EXERCISE INSTRUCTIONS: Take every line from the data that has the word "symmetric" in it.

DATA IN THIS EXERCISE:

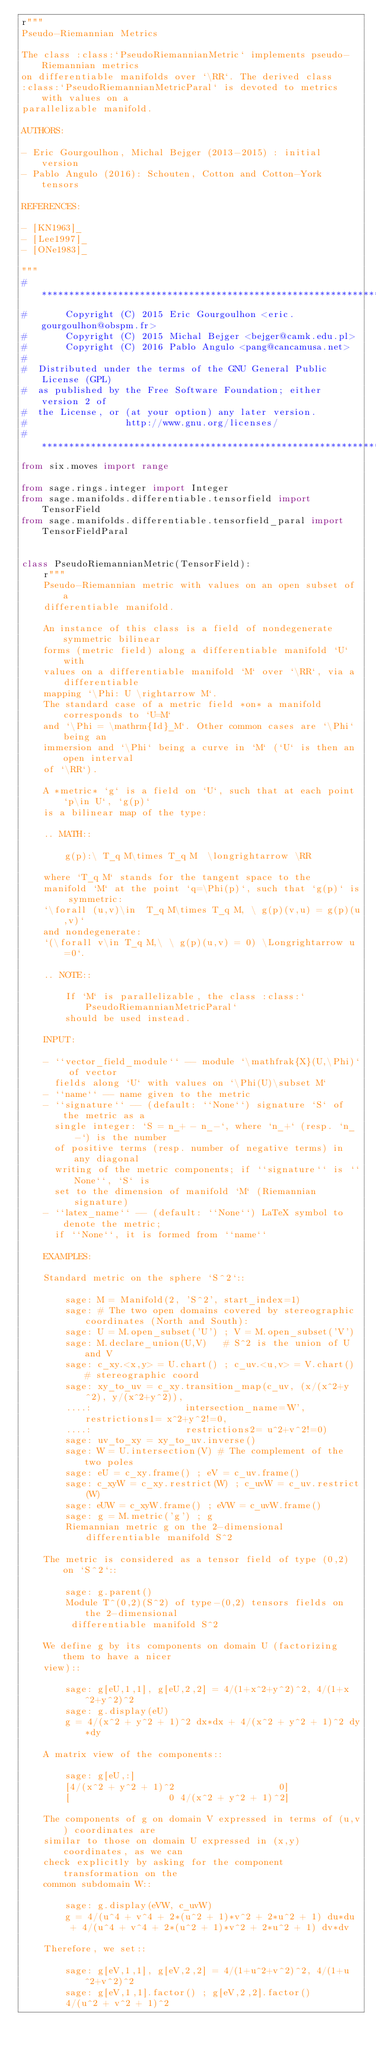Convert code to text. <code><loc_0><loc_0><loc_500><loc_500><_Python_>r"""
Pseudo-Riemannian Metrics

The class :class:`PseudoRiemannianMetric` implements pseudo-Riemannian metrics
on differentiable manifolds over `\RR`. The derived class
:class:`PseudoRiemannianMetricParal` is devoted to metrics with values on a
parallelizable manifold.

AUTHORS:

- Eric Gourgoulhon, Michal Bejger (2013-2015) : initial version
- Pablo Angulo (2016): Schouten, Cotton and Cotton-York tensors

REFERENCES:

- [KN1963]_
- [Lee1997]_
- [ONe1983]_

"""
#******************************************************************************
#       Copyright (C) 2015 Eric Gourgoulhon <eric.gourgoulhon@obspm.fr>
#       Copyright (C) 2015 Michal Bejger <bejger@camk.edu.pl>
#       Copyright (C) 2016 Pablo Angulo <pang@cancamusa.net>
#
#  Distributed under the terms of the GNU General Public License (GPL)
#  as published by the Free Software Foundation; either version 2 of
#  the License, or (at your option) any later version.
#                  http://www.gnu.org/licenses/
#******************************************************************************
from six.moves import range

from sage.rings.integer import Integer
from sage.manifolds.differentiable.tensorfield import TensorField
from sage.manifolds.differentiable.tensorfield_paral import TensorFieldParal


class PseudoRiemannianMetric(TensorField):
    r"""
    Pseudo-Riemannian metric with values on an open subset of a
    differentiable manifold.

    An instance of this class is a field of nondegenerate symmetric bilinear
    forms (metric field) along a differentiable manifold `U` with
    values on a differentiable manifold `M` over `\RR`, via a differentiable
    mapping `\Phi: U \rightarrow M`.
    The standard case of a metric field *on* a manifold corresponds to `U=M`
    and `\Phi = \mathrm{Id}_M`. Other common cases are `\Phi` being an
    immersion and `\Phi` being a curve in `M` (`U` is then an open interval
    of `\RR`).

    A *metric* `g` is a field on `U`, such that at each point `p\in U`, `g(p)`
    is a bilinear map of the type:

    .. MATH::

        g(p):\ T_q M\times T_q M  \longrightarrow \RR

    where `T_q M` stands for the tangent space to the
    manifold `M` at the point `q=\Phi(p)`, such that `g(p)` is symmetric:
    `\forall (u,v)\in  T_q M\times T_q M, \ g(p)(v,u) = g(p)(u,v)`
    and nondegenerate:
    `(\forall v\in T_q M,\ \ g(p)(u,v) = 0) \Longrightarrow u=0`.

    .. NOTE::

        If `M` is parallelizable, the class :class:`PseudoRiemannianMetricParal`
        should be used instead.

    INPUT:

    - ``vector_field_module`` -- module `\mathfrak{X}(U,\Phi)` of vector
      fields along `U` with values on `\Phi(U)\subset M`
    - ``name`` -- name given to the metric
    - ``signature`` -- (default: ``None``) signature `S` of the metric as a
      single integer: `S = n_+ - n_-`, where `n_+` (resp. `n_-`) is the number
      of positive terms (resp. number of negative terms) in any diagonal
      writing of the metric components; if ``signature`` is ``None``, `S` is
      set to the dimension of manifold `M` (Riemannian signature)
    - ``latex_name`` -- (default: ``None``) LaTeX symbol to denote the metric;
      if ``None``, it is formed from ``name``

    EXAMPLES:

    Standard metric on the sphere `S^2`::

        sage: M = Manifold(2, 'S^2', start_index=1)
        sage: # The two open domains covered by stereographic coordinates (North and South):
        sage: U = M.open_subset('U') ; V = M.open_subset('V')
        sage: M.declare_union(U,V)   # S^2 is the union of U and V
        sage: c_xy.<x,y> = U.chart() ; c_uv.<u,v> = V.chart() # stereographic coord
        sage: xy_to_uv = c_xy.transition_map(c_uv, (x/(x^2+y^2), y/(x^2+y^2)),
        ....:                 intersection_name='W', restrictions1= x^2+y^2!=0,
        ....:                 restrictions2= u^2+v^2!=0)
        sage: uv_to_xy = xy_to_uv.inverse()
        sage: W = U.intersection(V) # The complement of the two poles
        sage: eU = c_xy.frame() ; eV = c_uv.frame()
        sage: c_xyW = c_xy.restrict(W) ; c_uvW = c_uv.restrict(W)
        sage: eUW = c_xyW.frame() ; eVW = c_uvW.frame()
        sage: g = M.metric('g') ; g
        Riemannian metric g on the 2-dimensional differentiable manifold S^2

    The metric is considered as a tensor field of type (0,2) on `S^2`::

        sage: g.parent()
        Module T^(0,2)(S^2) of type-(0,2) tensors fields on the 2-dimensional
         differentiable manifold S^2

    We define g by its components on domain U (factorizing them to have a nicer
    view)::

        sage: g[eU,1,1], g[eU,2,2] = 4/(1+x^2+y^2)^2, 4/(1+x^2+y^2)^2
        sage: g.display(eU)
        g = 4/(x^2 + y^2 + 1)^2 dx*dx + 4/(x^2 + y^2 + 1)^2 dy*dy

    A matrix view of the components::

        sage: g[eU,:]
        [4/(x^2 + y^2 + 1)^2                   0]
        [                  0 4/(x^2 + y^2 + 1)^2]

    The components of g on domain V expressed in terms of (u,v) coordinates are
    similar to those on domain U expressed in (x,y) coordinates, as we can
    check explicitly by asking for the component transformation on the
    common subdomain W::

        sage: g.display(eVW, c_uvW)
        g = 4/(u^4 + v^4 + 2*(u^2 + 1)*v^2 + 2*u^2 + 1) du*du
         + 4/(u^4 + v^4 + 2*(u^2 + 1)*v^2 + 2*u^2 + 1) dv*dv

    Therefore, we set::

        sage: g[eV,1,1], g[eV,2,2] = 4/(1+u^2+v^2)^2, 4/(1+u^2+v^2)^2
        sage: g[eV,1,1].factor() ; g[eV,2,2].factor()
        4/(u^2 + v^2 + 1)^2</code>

* * *

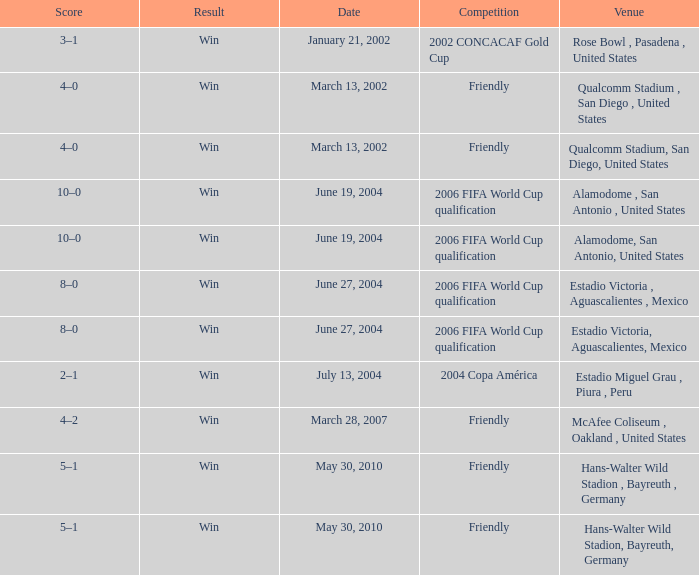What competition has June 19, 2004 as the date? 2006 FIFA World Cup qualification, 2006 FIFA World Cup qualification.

ANSWER SECTION:
    An instance of this class is a field of nondegenerate symmetric bilinear
    manifold `M` at the point `q=\Phi(p)`, such that `g(p)` is symmetric:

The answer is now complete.